The bare-metal toolchain includes OpenOCD, stlink-tools, and gdb-multiarch for flashing and debugging. The Linux cross-compiler includes the full sysroot (libc6-dev-armhf-cross) for building Linux userspace applications.

Embedded Toolchain Readiness

Both images are fully self-contained for all three targets. No additional downloads or toolchain installation is required.

Target Compiler Status
Desktop (native) g++ / clang++ Pre-installed
STM32F769I — Cortex-M7 bare-metal arm-none-eabi-g++ Pre-installed
STM32MP135F — Cortex-A7 Linux arm-linux-gnueabihf-g++ Pre-installed

STM32 Custom Image

For projects that require ST's proprietary tools, developers can build a custom image on top of these base images.

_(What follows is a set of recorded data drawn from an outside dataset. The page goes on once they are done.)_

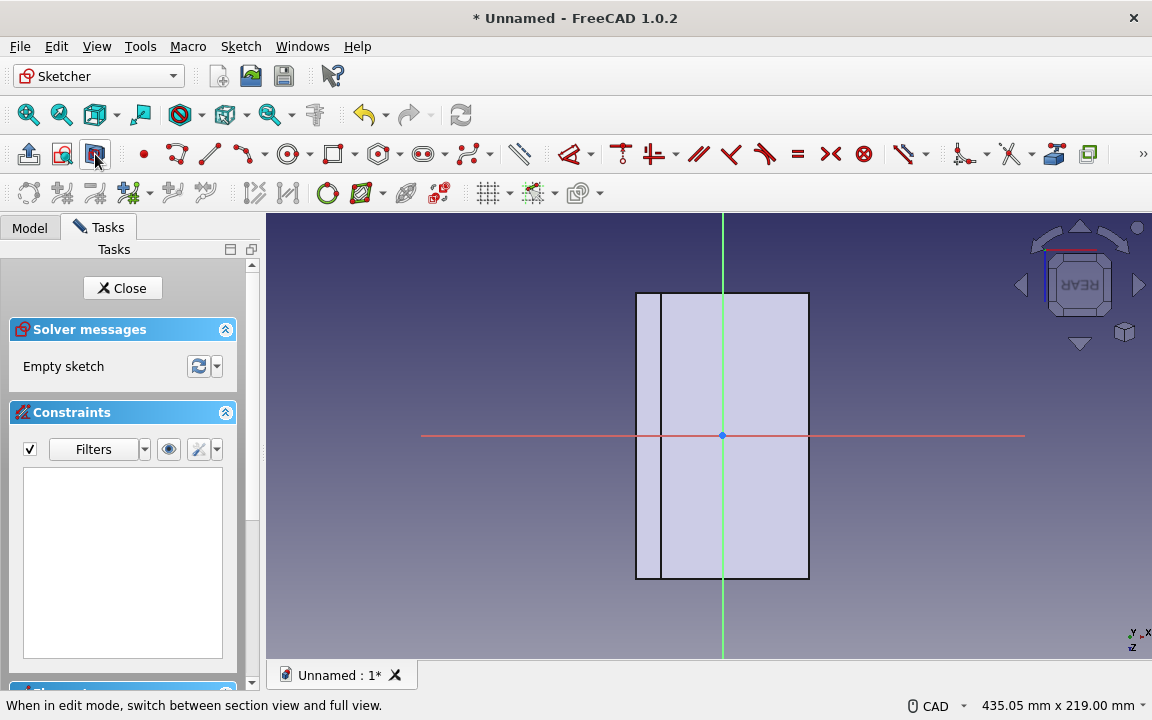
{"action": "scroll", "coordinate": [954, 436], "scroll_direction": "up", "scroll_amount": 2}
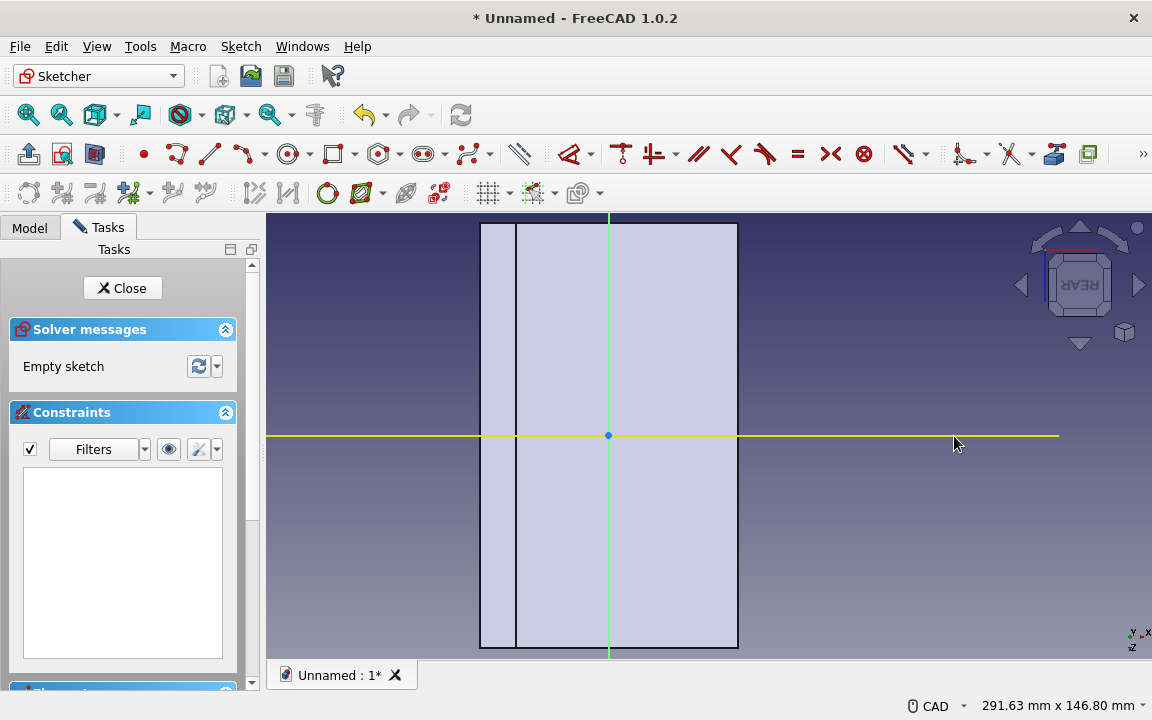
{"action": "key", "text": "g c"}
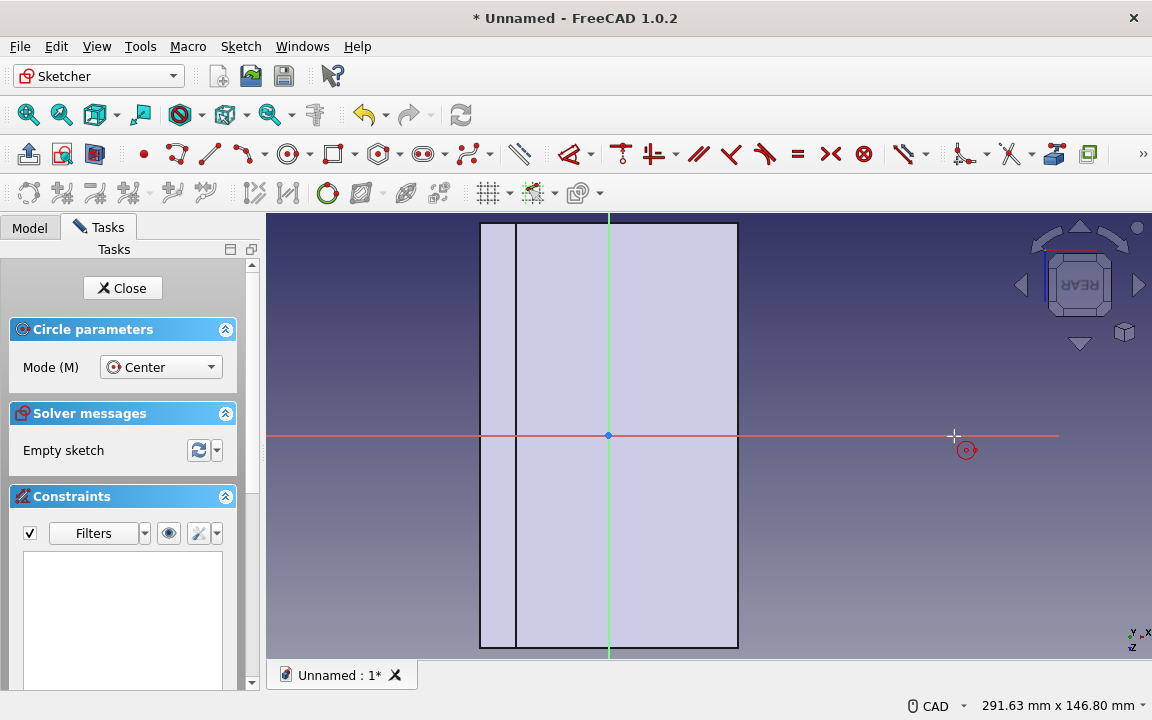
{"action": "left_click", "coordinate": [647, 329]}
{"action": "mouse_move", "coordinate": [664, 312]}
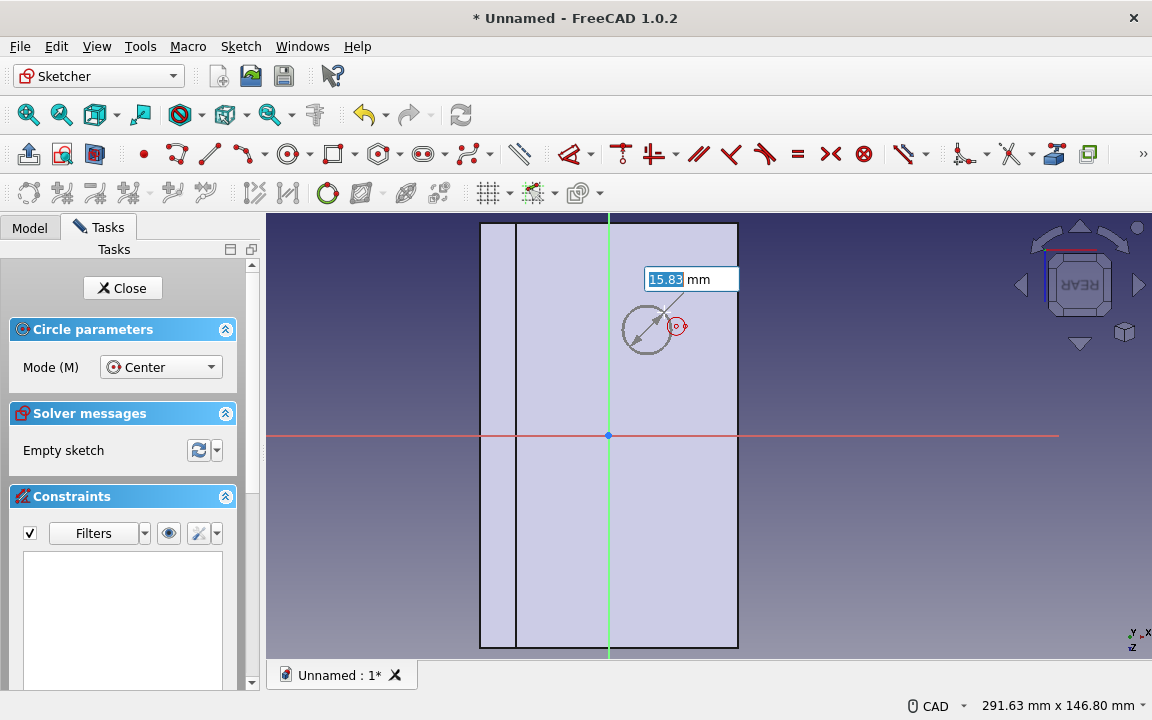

ST provides a command-line installer (STM32CubeCLT) that bundles their toolchain, STM32CubeProgrammer, and build integration:

These tools require an ST account to download and cannot be automatically fetched in a Dockerfile. To build a custom image:

  1. Download the STM32CubeCLT Linux installer from the link above.
  2. Create a Dockerfile.stm32 that extends one of the base images:
    FROM dev-container-cpp:latest
    COPY STM32CubeCLT_*.sh /tmp/
    RUN chmod +x /tmp/STM32CubeCLT_*.sh && \
        /tmp/STM32CubeCLT_*.sh --mode unattended && \
        rm /tmp/STM32CubeCLT_*.sh
  3. Build: nerdctl build -f Dockerfile.stm32 -t dev-container-cpp-stm32 .

Quick Start

Pull a pre-built image

# Default (upstream toolchains)
make pull

# System toolchain alternative
make pull-system

Build from source

# Default (upstream toolchains)
make build

# System toolchain alternative
make build-system

Run

# Default
cd ~/projects/my_cpp_app
make -f /path/to/dev_container_cpp/Makefile run

# System toolchain alternative
make -f /path/to/dev_container_cpp/Makefile run-system

Note: When using make -f, the Makefile mounts the caller's current directory (not the Makefile's directory) into the container. This is intentional — it bind-mounts your project, not the container repository.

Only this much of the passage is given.